April 2, 2020

27.04.11: Detecting “Exo-Aurorae.”

Planetary Scientists may soon have a new technique in their arsenal in the hunt for exo-solar planets. Current tried-and-true methods involve measuring tiny radial velocity shifts, catching a gravitational lensing event, or watching and measuring a tiny dip in brightness as a planet transits its host star.

All the above methods have their limitations; the short periods of observation involved and the unlikely happenstance of a transit lying along our field of view have assured that a good majority of worlds discovered have been “Hot Jupiters,” large worlds locked in short orbits. Such current methods would still prove to be largely ineffective in detecting the presence Jupiter or Saturn in our own solar system from even a few light years away.

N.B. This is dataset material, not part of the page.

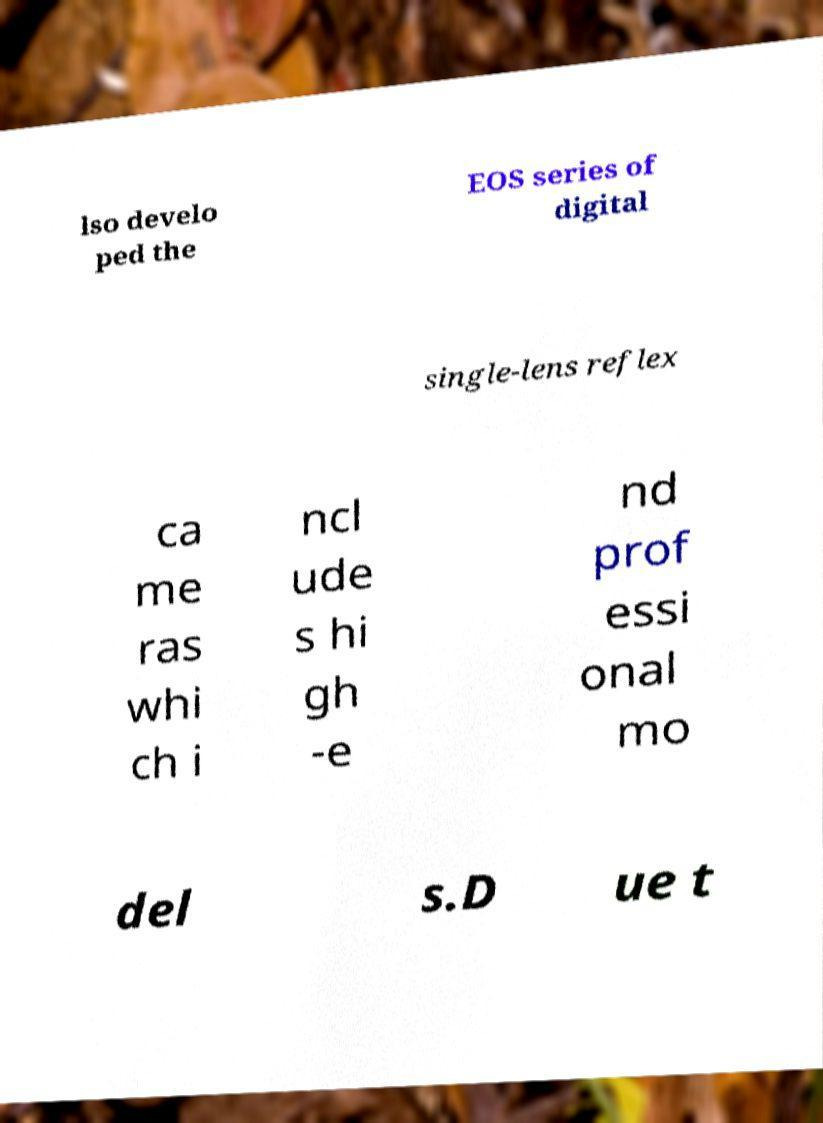For documentation purposes, I need the text within this image transcribed. Could you provide that? lso develo ped the EOS series of digital single-lens reflex ca me ras whi ch i ncl ude s hi gh -e nd prof essi onal mo del s.D ue t

The largest worlds in our neighborhood do, however, emit something that we may soon be able to detect at galactic distances; low frequency radio waves. These are emitted by aurorae, caused in the case of Jupiter by interactions with material spewed from the volcanic Moon Io, and in the case of Saturn, similar interaction with its moon ice geyser moon, Enceladus. Last week, researcher Dr Jonathan Nichols of the University of Leicester noted at the RAS 2011 National Astronomy Meeting that systems such as the LOw Frequency ARray (LOFAR) will give us the capability to detect auroral outbursts similar to what we observe on Saturn and Jupiter out to a distance of about 150 light years. That sphere is inclusive of hundreds of stars and potential star systems. With sites scattered across Europe, LOFAR is scheduled to be fully completed later this year. Will we have data on the first exoplanet discovered via detection of aurora soon? Whatever the case, the field of exo-planetology has definitely come into its own!